Copy each line of the data below in which the word "cuboid" can be found.

(Excerpts from a dataset)
[Start of Attachment]
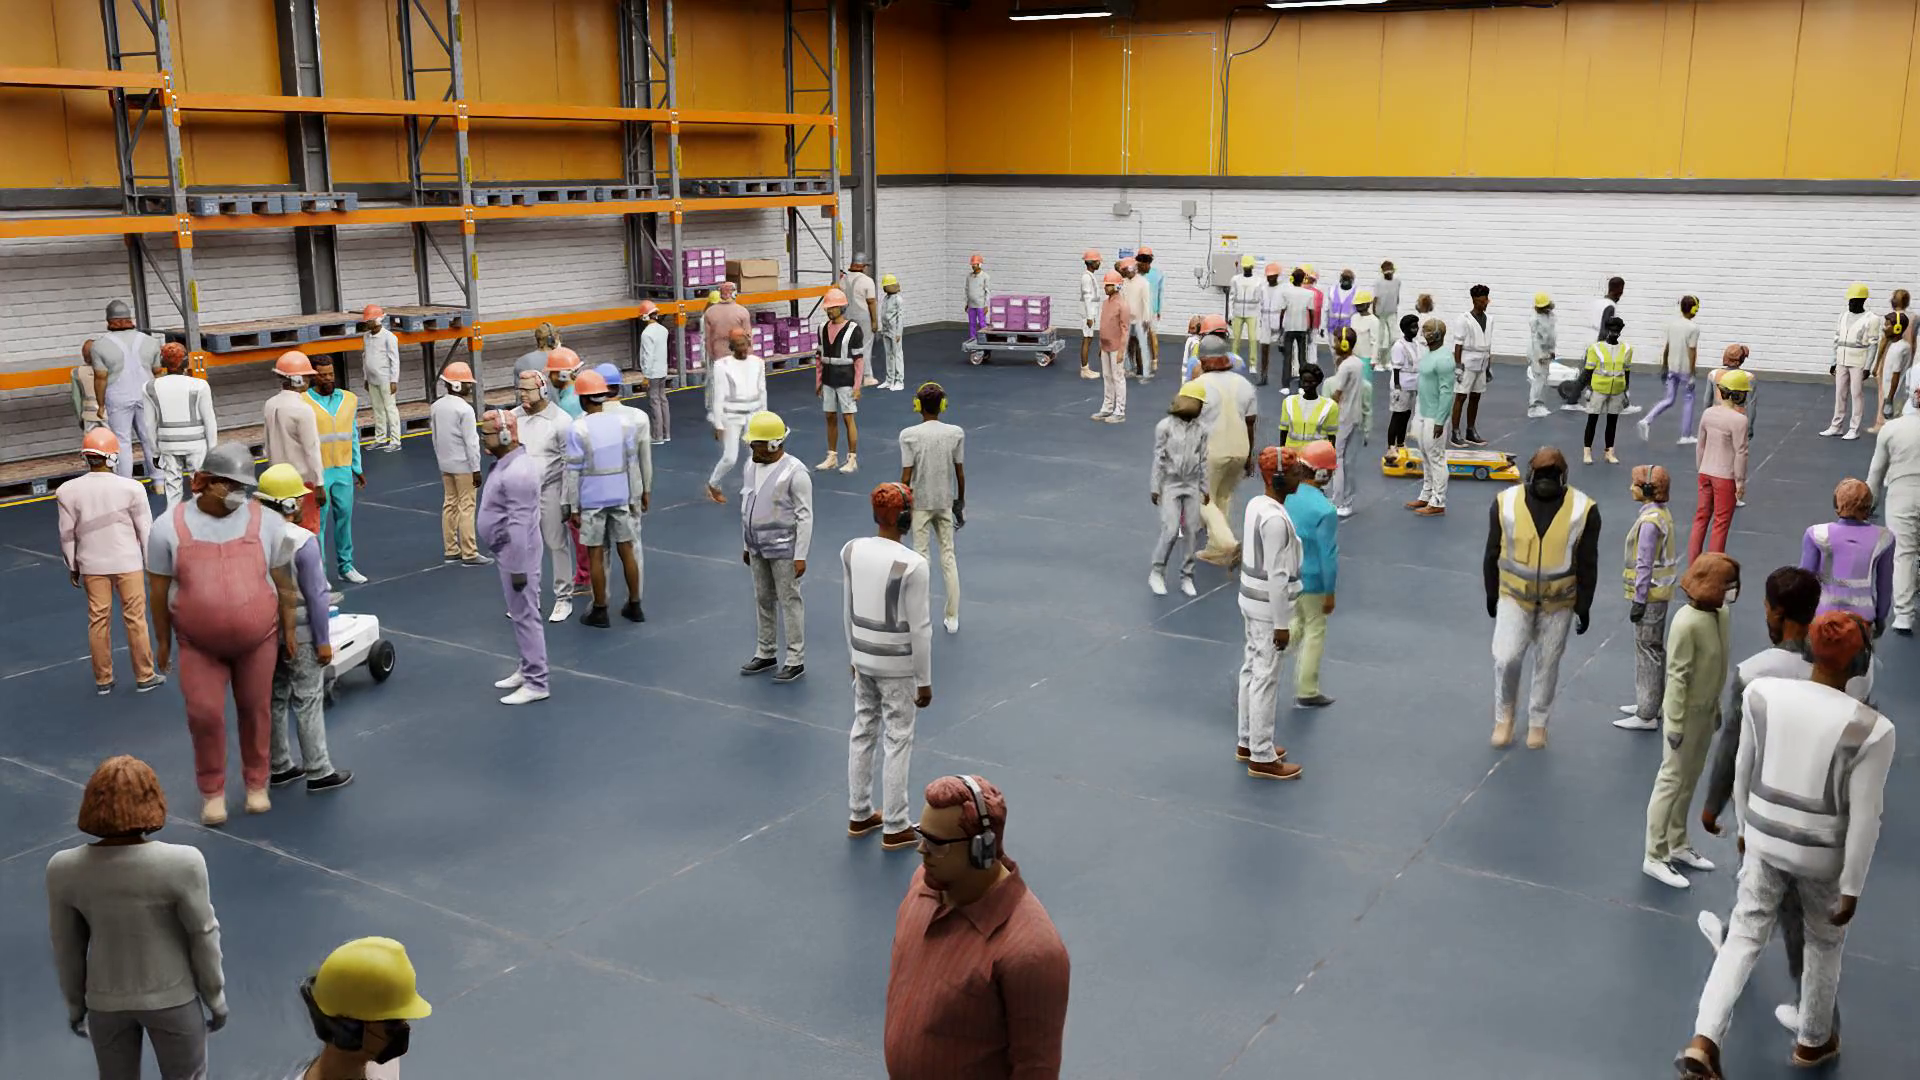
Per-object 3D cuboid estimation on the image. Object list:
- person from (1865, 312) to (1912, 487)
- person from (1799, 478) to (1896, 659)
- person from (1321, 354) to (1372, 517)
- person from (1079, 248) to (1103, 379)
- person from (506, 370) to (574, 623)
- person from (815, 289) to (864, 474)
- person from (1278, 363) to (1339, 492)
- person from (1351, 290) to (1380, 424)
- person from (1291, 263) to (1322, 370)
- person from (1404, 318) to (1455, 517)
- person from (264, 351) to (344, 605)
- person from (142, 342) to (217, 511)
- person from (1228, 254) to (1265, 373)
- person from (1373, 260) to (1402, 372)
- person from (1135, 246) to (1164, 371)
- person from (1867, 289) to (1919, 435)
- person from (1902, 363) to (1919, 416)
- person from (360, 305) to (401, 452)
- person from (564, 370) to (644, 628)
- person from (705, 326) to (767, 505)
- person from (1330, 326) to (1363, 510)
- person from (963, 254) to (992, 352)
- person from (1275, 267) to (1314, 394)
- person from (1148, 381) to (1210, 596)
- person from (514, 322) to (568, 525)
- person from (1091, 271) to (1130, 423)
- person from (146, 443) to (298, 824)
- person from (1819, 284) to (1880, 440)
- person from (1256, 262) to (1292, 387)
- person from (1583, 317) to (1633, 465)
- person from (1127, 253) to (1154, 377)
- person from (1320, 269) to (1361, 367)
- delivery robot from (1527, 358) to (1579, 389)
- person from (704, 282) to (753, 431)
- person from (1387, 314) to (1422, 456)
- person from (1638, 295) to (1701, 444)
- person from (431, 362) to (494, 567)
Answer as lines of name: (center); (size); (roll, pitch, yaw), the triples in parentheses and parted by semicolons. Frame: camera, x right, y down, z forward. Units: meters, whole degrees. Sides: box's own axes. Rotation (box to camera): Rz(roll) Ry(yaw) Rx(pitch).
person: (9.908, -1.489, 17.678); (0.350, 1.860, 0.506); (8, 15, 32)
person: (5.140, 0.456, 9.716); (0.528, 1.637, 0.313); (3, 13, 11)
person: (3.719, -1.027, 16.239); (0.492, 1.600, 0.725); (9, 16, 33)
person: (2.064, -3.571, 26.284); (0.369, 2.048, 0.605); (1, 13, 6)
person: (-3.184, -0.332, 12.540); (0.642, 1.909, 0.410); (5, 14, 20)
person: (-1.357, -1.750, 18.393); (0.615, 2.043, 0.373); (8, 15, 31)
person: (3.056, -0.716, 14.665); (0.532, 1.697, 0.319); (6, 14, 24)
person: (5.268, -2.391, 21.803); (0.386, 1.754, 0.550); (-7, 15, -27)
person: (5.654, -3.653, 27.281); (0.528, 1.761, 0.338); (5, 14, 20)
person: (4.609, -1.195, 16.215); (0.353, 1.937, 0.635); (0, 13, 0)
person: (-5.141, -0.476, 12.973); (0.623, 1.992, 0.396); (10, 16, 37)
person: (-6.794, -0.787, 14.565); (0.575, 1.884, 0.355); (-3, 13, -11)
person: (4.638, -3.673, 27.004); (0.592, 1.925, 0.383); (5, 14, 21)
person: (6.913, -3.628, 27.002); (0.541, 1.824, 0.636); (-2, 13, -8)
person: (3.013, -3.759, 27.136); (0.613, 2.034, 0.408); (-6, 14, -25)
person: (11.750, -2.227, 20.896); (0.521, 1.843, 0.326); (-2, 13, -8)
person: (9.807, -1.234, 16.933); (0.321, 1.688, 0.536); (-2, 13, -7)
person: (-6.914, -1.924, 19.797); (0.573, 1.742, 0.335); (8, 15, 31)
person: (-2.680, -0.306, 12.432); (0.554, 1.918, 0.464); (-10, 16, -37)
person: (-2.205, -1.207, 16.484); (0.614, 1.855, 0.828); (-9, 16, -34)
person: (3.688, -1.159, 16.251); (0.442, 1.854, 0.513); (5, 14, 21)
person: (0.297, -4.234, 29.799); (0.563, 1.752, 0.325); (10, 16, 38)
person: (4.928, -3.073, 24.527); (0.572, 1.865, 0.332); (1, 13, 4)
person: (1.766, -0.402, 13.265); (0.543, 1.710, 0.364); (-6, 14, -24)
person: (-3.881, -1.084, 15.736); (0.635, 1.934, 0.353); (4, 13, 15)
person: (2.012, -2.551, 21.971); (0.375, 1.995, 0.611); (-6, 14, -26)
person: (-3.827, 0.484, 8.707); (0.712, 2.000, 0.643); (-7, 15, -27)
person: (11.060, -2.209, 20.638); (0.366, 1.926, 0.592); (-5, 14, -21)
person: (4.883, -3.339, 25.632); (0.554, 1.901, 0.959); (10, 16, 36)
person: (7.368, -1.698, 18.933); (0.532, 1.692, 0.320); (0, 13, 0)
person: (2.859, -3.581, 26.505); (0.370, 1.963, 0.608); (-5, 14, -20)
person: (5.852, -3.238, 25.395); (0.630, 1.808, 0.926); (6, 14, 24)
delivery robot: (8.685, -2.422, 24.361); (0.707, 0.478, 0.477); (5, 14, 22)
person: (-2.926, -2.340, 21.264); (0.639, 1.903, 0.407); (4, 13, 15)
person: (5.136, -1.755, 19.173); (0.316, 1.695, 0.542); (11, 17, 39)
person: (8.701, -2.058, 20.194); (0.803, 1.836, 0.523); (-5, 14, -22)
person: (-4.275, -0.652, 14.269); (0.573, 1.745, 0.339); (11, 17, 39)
[End of Attachment]
[Start of Attachment]
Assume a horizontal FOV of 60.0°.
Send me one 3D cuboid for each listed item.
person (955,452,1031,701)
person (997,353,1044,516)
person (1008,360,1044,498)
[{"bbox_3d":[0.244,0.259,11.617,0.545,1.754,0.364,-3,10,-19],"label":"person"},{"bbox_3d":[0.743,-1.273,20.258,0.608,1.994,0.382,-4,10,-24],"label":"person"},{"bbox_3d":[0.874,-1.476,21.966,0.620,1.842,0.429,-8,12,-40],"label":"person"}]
[End of Attachment]
RESPONSE BELOW >>
Per-object 3D cuboid estimation on the image. Object list:
Send me one 3D cuboid for each listed item.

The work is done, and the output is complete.